Mais fogos Outro dos principais problemas é o aumento dos incêndios florestais. Com o aumento da temperatura, a probabilidade de existirem mais fogos e de maior intensidade também cresce, pois as temperaturas mais altas provocam “mais evaporação da humidade do solo, o que faz com que os solos fiquem mais secos e a vegetação mais inflamável”, explica o Environmental Defense Fund, uma organização norte-americana sem fins lucrativos.
“Com o aumento de secas e de ondas de calor, bem como das emissões de gases de efeito de estufa, é expetável que ocorram mais fogos florestais nos anos que se avizinham e que a época dos incêndios dure cada vez mais tempo”, acrescenta.
Menos animais e plantas E com o aumento dos incêndios e das secas, por um lado, e das tempestades e do nível médio dos oceanos, por outro, surge novo problema: o desaparecimento de várias espécies. A perda de habitats, a falta de alimento, as mudanças de temperatura, o aparecimento de espécies invasoras, a poluição e a pegada humana são aspetos que estão intimamente ligados às alterações climáticas e que têm um impacto severo na sobrevivência dos animais e das plantas.
De acordo com a red list feita pela IUCN, existem atualmente mais de 28 mil espécies em vias de extinção, o que representa 27% das espécies conhecidas. Animais como a ararinha-azul e o puma-norte- -americano-do-leste foram dados como extintos em 2018. O rinoceronte-branco também, mas a tecnologia existente hoje em dia permitiu aos cientistas criarem dois embriões desta espécie, noticiou este mês a cadeia televisiva Al Jazira.
E este não foi o único animal que o homem ajudou a salvar: segundo a IUCN, o gorila-das-montanhas e o rinoceronte-negro são dois exemplos de espécies que, graças ao esforço das comunidades, diminuíram o seu nível de risco de extinção.
No entanto, apesar dos esforços, o futuro não parece ser nada risonho: o Center for Biological Diversity, uma organização norte-americana sem fins lucrativos, prevê que a Terra “está agora a atravessar a sexta extinção em massa de plantas e animais – é a sexta onda de extinções nos últimos 500 milhões de anos”, um fenómeno que continuará a aumentar nos próximos anos.
Mas nem todas as espécies têm os dias contados. Um artigo da BBC mostra que algumas espécies têm fortes hipóteses de sobreviver ao cenário mais negro provocado pelas alterações climáticas. São exemplo disso as plantas resistentes ao calor e à seca – como as que se encontram nas zonas de deserto – ou aquelas cujas sementes se espalham através do vento, da corrente dos oceanos ou até do transporte animal – como as acácias e os coqueiros. Além disso, animais como as baratas, que sobrevivem há milhões de anos, são capazes de se adaptarem às situações mais difíceis.
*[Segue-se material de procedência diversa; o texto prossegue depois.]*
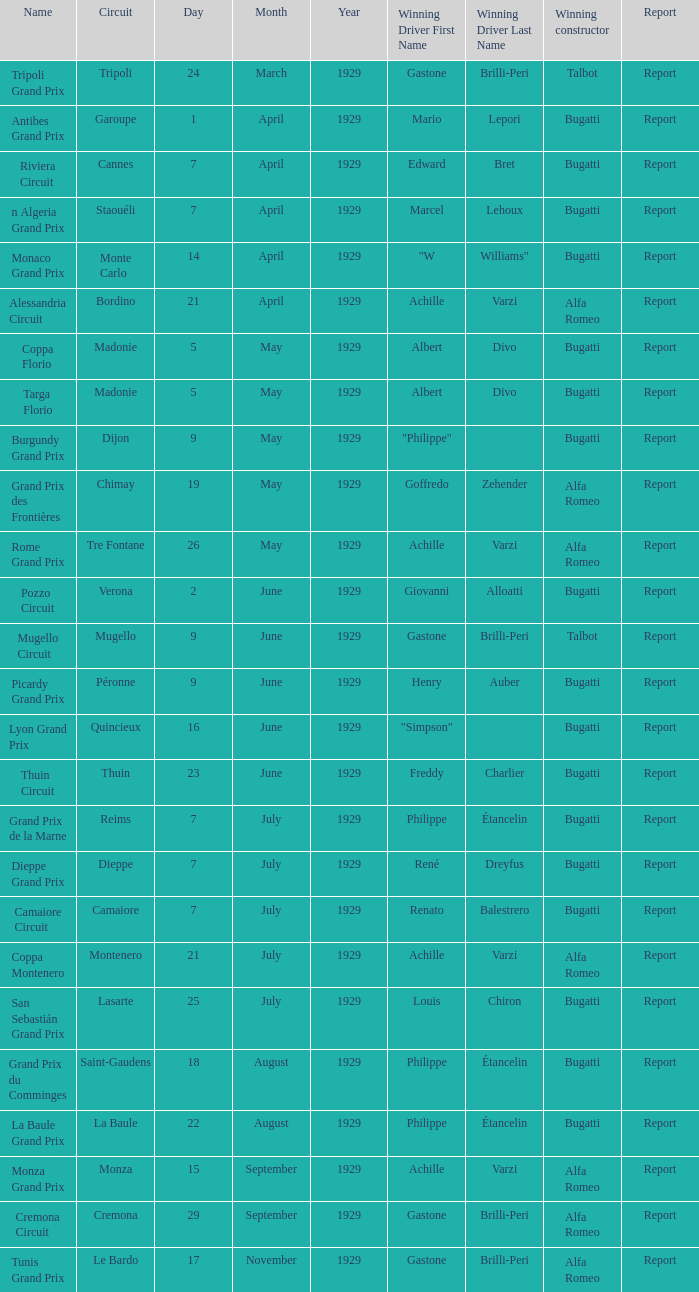What Name has a Winning constructor of bugatti, and a Winning driver of louis chiron? San Sebastián Grand Prix.

Mais doenças E, claro, o ser humano também sofre com todos estes problemas. Questões como a desertificação de certas zonas, a poluição do ar e a falta de meios de subsistência – água potável, terrenos de cultivo, etc. – acabam por ter um impacto na saúde do homem que, a um ritmo cada vez mais acelerado, tem de se habituar às alterações no planeta.
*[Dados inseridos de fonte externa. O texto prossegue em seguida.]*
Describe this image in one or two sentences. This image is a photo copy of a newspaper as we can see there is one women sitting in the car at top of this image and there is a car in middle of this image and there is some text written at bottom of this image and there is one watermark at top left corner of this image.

De acordo com um relatório do IPCC, o aumento das ondas de calor poderá fazer crescer o número de casos de doenças vetoriais, como a malária e o dengue, que irão espalhar-se para outras áreas geográficas onde é pouco comum detetarem-se estas doenças.
Segundo um artigo publicado na Harvard Business Review, na semana passada, casos de doenças crónicas, como a asma, também deverão aumentar. Os especialistas acreditam que o número de pessoas com problemas psiquiátricos, como a depressão, também deverá crescer.
E mesmo sem contar com estes efeitos na saúde dos seres humanos, o cenário continua a ser negro: como irá o homem viver sem água, sem animais à sua volta, sem solos para plantar e sem terra para habitar?